Please can someone help, I am currently doing a varsity project on a rubylaser and the controller is on an IBM xt computer. It has dos 3.30 on it. And now when i start the computer it says divide overflow after checking for ram. I am really stuck because that PC had all the software on it! On a side note is if i can somehow recover the data can i use a GWbasic emulator in xp to run programs originally designed for that xt?

Thanks


----------



## JohnWill (Oct 19, 2002)

Well, you can obviously remove the drive and read the stuff. Typically, a divide overflow is either bad memory or perhaps corruption on the disk.
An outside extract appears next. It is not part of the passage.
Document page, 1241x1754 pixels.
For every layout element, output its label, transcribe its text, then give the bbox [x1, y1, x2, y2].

Before you do anything else with it, I'd try to copy the data off if you don't have any other backup. I'd also ask why you don't have any other backup for a 20 year old machine! 
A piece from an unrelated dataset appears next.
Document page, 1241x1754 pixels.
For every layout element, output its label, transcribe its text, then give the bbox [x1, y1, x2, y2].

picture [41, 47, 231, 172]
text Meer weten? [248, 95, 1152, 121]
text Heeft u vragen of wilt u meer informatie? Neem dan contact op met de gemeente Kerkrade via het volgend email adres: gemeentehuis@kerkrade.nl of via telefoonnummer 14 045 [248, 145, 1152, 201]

As far as running it on another machine, we'd have to know more about the software. You could use something like Microsoft Virtual PC or VMWARE if it's just a DOS application that doesn't access the hardware directly.


----------



## RubyLaser (Jul 12, 2006)

I was in the process of backing everything up when it all went haywire, i had just been given the project.I am gonna try today to read the drive externally and back it up, if that works I need to set up a new station that will be able to read the software (written in gwbasic) the software basically sends out and receives signals on a serial port that controls the interlock status of a rubylaser. I also need to print from this gwbasic program and I think that will be an issue as it prints directly on lpt1 and if i use a new machine can i print directly on lpt1? Because i am sure even if i use a virtual PC program that xp wont let that happen, therefore If i am to set up a new machine what should I use to try and emulate what was previously running on the xt?

Thanks!


----------



## JohnWill (Oct 19, 2002)

You can run MS-DOS on most machines, just find the oldest one you can dig up.  If you continue to use MS-DOS 3.3, you're limited in the disk size, 32megs comes to mind, since it's FAT12 format. Here's a page about disk support... http://oldfiles.org.uk/powerload/fat32/fat8.htm

If that disk isn't corrupted, after making a backup copy, you may be able to slap it into a machine as the primary boot drive and boot it, MS-DOS isn't that picky about the hardware.


----------